NT-proBNP, ESR, clinical progression, and dyspnea are risk factors for the continued progression of pneumonia in patients. Bruns et al. demonstrated that dyspnea upon admission was independently associated with delayed radiographic resolution on day 10 of pneumonia [25]. Symptoms of respiratory distress serve as risk factors for a poor prognosis and increase the likelihood of progressing to critical illness or even death [26]. Despite good viral control, the potential for immune response and lung injury continues to advance during severe COVID-19 [27]. Dyspnea indicates impaired lung function and hypoxia, thus warranting vigilance for further deterioration of the patient’s condition upon its occurrence. The combination of inflammation and increased lung permeability due to inspiratory negative intrathoracic pressure leads to interstitial lung edema [28]. Once interstitial lung edema reaches a certain level, the lung’s gas volume decreases, reducing tidal volume at a given inspiratory pressure, causing respiratory distress and further lesion progression [29]. Elevated levels of NT-proBNP serve as a potential indicator of impaired cardiac functionality or heart failure. High ESR results from stronger inflammatory responses and increased protein expression in the acute phase of severe COVID-19 [30]. Previous studies have shown that NT-proBNP and ESR are independent prognostic factors affecting the severity and mortality of COVID-19 patients [31, 32].

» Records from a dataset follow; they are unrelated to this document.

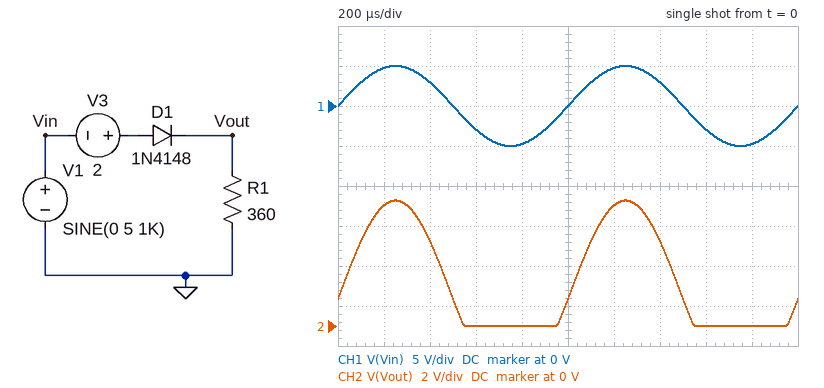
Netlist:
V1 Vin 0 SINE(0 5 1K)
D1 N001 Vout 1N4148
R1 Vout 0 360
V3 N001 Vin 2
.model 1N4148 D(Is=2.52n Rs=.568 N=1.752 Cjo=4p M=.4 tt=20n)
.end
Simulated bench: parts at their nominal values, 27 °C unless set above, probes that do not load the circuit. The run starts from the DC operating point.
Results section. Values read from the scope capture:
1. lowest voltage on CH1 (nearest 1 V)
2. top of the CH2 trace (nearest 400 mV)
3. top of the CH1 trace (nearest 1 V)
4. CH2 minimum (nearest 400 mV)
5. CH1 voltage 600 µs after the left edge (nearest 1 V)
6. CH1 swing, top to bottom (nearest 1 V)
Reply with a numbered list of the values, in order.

1. -5 V
2. 6.4 V
3. 5 V
4. 0 V
5. -3 V
6. 10 V
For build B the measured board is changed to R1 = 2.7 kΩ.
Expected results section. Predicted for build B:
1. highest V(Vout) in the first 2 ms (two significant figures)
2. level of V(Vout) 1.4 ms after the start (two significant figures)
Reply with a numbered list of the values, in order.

1. 6.4 V
2. 4.3 V
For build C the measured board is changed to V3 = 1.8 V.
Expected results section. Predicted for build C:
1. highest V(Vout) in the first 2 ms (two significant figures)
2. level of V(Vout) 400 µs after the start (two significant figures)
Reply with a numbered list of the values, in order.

1. 6.1 V
2. 4.0 V

Zhou et al. showed that the evolution of COVID-19 pneumonia included an early rapid progression period (1–7 days), a late peak period (8–14 days), and an absorption period (> 14 days) [33]. A previous study showed that the pattern of progression of COVID-19 pneumonia that peaked after 14 days was often relatively static on CT, with these patients having low CT scores throughout the follow-up period and a very mild clinical course of disease [34]. This is different from our findings, possibly due to the small sample size of patients with this pattern of pneumonia progression in previous studies, with a younger average age and less severe initial symptoms. In contrast, our patients were hospitalized and generally older with more underlying diseases.

There are some limitations to the study. Firstly, the limited sample size and absence of an external validation cohort restrict the applicability of our findings. Second, as the disease advances, the size of the lesion may expand. At the same time, the density reduces, marking the recovery phase, which could result in overestimating the CT score. Additionally, patients could acquire other bacterial or viral infections concurrently during a COVID-19 infection. Only COVID-19 pneumonia data were included in our study, and there is a lack of controlled data or assessments for other pneumonia types. Future studies are needed to assess the robustness and applicability of our model across different types of pneumonia and different data sets. Lastly, this study did not incorporate factors related to different treatment approaches.

Conclusion

In conclusion, our study developed a combined radiological-clinical model that effectively predicted the individualized progression of COVID-19 pneumonia from 2 weeks to 1-month post-admission. Deep learning for automatic segmentation of quantitative CT features has reduced the time and staffing costs associated with this combined model, enhancing its practical value in clinical settings. Our model may be helpful in tailoring precise therapeutic strategies and can serve as an early warning tool for patients at a high risk of disease progression, potentially improving overall patient prognosis and paving the way for more effective strategies in both current and future outbreaks.